7.5Le Comité note également le grief de violation de l’article9 (par. 4) du Pacte, selon lequel les auteurs n’ont pas eu accès à un recours pour contester la légalité de leur détention. Il constate que les auteurs ont souligné le caractère irrégulier et illégal de leur détention auprès de la Haute Cour militaire, mais que celle-ci,dans sa décision du 1erdécembre 2006, s’est déclarée incompétente à statuer sur la légalité des douze premiers mois de leur détention en raison de la législation interne de l’État partie sur ce point. Le Comité constate en outre que d’autres requêtes de mise en liberté adressées au Premier Président de la Haute Cour militaire et au Président de la République, dont des copies ont été envoyées au Ministre de la défense nationale, au Ministre de la justice et au Ministre des droits humains, sont restées sans réponse. En l’absence de toute information de l’État partie réfutant ces allégations ou de tout autre renseignement pertinent au dossier, le Comité conclut en l’espèce à une violation de l’article9 (par. 4) du Pacte.

8.Le Comité, agissant en vertu de l’article 5 (par. 4) du Protocole facultatif, constate que les faits dont il est saisi font apparaître une violation par l’État partie de l’article9 (par 1, 3 et 4) du Pacte.

9.Conformément à l’article 2 (par. 3 a)) du Pacte, l’État partie est tenu d’assurer aux auteurs un recours utile. Il a l’obligation d’accorder une réparation intégrale aux individus dont les droits garantis par le Pacte ont été violés. En conséquence, l’État partie est tenu, entre autres, de prendre des mesures appropriées pour : a) contrôler la légalité de la détention de M. Ngabu et de M. Iribi au regard des garanties au titre du Pacte, et procéder à leur libération immédiate ou à l’application d’autres mesures moins attentatoires à leur droit à la liberté le cas échéant ; et b) accorder aux auteurs une indemnisation adéquate. L’État partie est également tenu de veiller à ce que des violations analogues ne se reproduisent pas.

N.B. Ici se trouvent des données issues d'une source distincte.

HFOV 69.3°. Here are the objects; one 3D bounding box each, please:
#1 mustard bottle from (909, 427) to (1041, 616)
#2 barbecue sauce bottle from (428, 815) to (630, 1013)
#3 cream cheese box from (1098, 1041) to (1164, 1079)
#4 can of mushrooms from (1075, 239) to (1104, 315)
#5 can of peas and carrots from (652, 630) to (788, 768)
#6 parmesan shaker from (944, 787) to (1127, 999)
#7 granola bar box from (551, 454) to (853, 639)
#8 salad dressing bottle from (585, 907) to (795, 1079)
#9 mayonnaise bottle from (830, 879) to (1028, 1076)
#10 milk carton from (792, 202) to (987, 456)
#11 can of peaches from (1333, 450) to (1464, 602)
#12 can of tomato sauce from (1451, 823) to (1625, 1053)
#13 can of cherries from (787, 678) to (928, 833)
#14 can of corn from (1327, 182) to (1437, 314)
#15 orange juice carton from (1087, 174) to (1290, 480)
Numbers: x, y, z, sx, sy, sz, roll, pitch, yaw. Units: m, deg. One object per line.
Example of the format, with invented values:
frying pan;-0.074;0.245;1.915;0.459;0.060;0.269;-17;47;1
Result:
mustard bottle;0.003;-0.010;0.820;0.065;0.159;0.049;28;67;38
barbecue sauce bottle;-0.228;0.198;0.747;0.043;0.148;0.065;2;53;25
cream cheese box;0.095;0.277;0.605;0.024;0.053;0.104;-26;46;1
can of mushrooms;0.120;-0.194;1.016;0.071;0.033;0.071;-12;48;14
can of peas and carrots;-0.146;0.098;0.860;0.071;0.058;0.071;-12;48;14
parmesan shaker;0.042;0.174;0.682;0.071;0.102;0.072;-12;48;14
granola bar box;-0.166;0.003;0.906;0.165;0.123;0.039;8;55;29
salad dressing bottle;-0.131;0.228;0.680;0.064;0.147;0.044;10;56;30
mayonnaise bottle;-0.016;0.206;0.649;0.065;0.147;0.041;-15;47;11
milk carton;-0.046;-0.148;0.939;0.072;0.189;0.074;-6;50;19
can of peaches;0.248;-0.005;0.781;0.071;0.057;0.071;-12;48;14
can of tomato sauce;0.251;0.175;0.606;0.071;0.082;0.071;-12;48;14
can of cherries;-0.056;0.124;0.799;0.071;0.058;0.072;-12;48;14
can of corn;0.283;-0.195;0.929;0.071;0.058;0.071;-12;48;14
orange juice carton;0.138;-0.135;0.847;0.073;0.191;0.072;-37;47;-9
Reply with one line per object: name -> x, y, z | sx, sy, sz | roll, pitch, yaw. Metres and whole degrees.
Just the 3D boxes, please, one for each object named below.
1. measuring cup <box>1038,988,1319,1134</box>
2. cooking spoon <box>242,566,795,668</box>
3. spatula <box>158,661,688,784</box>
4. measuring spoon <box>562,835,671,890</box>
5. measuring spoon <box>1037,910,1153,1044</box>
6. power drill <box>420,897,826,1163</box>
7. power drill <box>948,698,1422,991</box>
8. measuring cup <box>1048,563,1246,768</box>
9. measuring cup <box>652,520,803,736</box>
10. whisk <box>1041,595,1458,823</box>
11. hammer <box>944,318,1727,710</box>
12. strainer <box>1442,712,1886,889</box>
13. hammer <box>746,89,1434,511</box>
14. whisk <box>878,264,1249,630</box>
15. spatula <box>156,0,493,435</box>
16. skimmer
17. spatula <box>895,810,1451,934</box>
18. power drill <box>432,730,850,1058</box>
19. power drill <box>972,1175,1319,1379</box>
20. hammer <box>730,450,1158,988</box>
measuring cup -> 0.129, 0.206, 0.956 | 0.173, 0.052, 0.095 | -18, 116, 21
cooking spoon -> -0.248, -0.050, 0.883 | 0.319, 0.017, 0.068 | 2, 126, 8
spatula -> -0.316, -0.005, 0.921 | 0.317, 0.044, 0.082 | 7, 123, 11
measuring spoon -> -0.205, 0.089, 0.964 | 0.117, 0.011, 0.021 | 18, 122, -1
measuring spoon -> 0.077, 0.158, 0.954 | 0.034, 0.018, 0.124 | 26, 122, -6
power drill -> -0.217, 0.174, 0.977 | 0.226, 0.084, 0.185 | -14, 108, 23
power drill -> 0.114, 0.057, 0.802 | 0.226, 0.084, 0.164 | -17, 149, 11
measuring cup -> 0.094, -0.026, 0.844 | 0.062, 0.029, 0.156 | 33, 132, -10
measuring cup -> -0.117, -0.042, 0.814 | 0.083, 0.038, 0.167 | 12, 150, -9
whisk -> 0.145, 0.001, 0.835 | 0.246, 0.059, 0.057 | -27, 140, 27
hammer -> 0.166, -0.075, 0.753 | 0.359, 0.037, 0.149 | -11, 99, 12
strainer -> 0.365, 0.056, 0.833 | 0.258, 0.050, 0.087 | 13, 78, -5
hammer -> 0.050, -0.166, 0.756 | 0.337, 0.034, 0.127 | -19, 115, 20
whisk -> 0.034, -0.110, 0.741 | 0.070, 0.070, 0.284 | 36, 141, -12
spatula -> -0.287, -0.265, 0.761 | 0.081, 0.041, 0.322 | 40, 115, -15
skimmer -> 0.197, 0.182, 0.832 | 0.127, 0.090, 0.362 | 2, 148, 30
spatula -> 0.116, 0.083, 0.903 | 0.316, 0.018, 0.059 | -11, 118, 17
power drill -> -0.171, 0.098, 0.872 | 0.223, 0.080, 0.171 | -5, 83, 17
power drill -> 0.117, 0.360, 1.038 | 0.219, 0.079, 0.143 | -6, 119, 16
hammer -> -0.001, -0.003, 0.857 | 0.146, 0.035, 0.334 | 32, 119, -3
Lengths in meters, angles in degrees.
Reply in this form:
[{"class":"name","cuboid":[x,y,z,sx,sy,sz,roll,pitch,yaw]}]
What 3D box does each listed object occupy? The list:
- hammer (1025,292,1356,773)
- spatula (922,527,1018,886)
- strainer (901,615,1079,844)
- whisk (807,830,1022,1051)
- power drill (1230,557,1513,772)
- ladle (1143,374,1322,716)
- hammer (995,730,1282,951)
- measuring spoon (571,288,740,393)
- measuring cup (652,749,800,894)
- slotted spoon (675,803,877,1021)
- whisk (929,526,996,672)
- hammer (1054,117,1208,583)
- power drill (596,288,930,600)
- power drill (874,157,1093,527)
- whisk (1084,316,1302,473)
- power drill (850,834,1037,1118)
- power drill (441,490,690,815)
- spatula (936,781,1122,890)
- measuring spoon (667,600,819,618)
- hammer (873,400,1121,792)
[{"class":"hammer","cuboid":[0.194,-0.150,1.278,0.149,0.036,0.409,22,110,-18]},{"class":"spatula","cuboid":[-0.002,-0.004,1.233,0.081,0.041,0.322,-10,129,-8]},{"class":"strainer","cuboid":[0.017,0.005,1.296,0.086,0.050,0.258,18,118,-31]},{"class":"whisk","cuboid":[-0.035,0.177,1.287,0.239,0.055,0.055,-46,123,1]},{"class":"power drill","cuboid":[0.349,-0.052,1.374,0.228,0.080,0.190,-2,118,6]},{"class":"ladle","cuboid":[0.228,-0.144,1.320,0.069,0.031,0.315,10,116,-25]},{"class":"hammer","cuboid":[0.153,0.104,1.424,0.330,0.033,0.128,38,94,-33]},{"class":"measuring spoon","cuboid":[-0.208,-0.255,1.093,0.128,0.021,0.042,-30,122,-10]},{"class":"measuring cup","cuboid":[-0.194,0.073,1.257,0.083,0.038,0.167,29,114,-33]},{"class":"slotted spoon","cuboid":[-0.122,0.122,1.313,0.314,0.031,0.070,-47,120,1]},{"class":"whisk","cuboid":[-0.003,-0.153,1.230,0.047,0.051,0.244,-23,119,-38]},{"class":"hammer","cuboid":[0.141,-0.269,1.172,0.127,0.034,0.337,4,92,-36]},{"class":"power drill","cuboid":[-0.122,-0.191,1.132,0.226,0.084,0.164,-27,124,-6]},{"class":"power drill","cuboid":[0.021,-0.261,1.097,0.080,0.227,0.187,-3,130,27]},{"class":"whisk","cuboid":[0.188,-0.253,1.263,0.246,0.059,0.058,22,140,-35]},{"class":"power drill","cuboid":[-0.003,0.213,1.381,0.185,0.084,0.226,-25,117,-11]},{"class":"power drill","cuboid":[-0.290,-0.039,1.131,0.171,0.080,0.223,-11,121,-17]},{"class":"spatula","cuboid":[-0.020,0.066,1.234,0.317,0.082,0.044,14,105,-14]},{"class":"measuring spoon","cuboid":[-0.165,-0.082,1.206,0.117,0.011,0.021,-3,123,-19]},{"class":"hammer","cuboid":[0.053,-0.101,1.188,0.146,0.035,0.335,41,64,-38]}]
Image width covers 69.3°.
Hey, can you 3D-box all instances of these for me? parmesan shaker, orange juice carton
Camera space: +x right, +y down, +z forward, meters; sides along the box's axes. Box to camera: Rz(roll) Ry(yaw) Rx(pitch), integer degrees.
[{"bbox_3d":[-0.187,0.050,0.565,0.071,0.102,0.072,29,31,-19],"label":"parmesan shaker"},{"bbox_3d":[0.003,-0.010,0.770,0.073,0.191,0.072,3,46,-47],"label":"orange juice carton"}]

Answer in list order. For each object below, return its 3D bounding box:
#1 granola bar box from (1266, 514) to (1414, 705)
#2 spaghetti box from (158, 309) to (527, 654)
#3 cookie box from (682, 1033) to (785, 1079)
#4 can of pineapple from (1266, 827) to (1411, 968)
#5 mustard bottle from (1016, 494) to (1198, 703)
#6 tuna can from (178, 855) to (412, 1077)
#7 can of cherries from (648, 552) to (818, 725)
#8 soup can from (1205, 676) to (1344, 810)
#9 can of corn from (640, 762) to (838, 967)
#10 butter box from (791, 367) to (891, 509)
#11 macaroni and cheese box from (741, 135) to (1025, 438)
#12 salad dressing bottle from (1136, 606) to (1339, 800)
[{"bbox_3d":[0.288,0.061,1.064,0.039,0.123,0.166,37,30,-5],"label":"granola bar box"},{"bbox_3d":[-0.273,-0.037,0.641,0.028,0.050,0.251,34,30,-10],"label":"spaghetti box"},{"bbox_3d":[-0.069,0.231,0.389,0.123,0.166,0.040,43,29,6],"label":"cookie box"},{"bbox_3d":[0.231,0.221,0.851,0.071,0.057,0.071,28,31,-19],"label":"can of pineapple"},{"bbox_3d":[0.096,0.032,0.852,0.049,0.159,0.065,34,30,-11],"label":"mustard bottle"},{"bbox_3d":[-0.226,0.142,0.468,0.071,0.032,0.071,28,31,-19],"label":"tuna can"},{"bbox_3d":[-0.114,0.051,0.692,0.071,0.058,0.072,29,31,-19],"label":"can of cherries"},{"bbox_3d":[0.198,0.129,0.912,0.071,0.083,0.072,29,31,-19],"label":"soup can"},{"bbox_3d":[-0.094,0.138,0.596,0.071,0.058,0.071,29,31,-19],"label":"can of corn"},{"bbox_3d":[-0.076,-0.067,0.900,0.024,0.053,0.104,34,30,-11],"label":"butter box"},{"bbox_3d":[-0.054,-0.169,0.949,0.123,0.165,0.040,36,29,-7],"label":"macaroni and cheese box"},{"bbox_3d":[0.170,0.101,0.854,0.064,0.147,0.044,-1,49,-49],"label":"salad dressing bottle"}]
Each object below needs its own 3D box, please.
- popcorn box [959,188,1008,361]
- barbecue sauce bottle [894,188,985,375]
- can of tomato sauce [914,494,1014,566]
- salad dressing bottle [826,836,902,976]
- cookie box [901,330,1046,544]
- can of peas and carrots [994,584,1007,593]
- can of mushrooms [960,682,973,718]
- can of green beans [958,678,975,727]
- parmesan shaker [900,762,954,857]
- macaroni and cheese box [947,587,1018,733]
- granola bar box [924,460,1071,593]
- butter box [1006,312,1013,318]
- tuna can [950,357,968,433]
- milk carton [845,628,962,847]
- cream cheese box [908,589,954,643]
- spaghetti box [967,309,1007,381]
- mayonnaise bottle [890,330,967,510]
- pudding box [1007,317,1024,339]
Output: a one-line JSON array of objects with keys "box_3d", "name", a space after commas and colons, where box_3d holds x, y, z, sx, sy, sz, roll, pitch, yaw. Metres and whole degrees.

10.Étant donné qu’en adhérant au Protocole facultatif, l’État partie a reconnu que le Comité a compétence pour déterminer s’il y a ou non violation du Pacte et que, conformément à l’article 2 du Pacte, il s’est engagé à garantir à tous les individus se trouvant sur son territoire et relevant de sa juridiction les droits reconnus dans le Pacte et à assurer un recours utile lorsqu’une violation a été établie, le Comité souhaite recevoir de l’État partie, dans un délai de cent quatre-vingts jours, des renseignements sur les mesures prises pour donner effet aux présentes constatations. L’État partie est invité en outre à rendre celles-ci publiques et à les diffuser largement dans ses langues officielles.